KARAGANDA, domingo, 25 de julio de 2010 (ZENIT.org).- La obligación de esconderse de las autoridades comunistas para asistir a misa enseñó al obispo auxiliar de Karaganda cuando era aún un niño un respeto especial por la Eucaristía.
Monseñor Athanasius Schneider es el secretario general de la Conferencia Episcopal de Kazajstán y autor del libro «Dominus Est – Es el Señor: Reflexiones de un obispo de Asia Central sobre la Sagrada Comunión» («Dominus Est – It is the Lord: Reflections from a Bishop in Central Asia on Holy Communion» (Newman House Press, 2009), en el que medita sobre cómo recibir la Eucaristía con reverencia.
Nació en Kirguistán, donde sus padres alemanes habían sido exiliados por el régimen comunista. En 1973, emigró a Alemania, y pronto pasó a Austria para entrar en el monasterio de los Canónigos Regulares de la Santa Cruz.
Monseñor Schneider ha enseñado teología en el Seminario María, Madre de la Iglesia de Karaganda desde 1999. Su ordenación episcopal tuvo lugar en Roma el 2 de junio del 2006.
En esta entrevista comparte su experiencia sobre la Iglesia católica cuando vivía bajo el régimen comunista, el camino que le llevó a su actual nombramiento, y las necesidades de la comunidad católica en Kazajstán.
–Cuando oímos hablar de Kazajstán, no pensamos necesariamente en católicos pero, de hecho, la Iglesia católica tiene profundas raíces en Kazajstán. ¿Puede hablarnos un poco sobre la historia de la Iglesia católica en Kazajstán?
–Monseñor Schneider. Sería más exacto decir que el cristianismo, no la Iglesia católica, tiene raíces muy profundas.
Incluso en los siglos III y IV había señales de cristianos en Asia Central, y en la Edad Media había incluso misioneros de rito latino, pero la gran presencia de cristianos y especialmente de católicos está ligada al régimen de Stalin.
En los años treinta, Stalin deportó a millones de europeos a Kazajstán; y Kazajstán se convirtió en un gran campo de concentración durante aquellos tiempos, y allí aparecieron de manera repentina casi medio millón de católicos.
Fue, sin embargo, una situación de sufrimiento y la Iglesia tuvo que vivir de modo clandestino.
–Usted es de origen alemán. ¿Cómo llegó a Kazajstán?
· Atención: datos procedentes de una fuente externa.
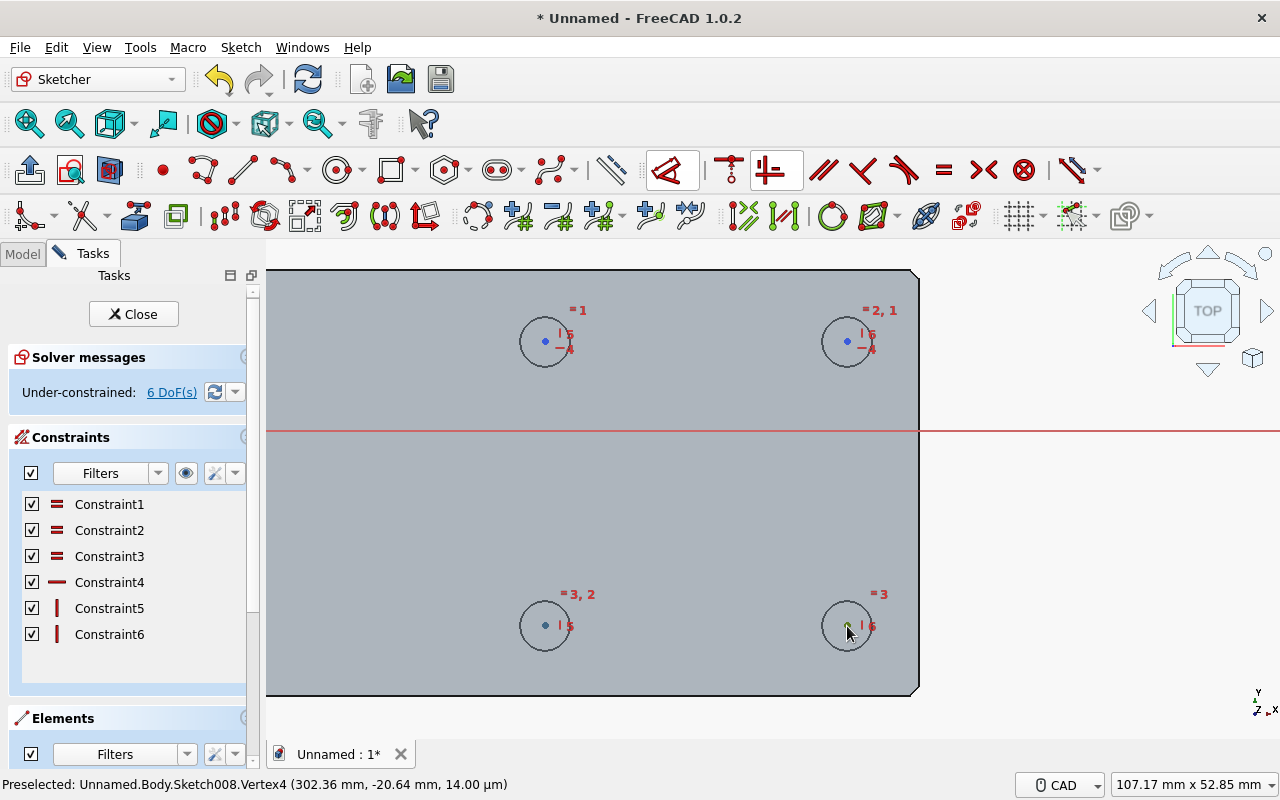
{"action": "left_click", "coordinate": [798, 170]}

–Monseñor Schneider: Mis padre eran de los asentamientos alemanes en el Mar Negro, cerca de Odessa, y al final de la Segunda Guerra Mundial, el ejército alemán llevó a todos estos alemanes, trescientos mil, a Berlín para protegerlos de los rusos.
Y cuando el ejército ruso ocupó Berlín se llevó a esta gente como «trabajadores forzados» a tres lugares: Kazajstán, Siberia y los Montes Urales.
Mis padres fueron enviados a los Urales, donde fueron obligados a trabajar, y es un milagro que sobrevivieran. Cuando fueron liberados se trasladaron a Asia Central, que formaba parte de la Unión Soviética, en la República de Kirguistán, una pequeña república cercana a la frontera china, justo por debajo de Kazajstán.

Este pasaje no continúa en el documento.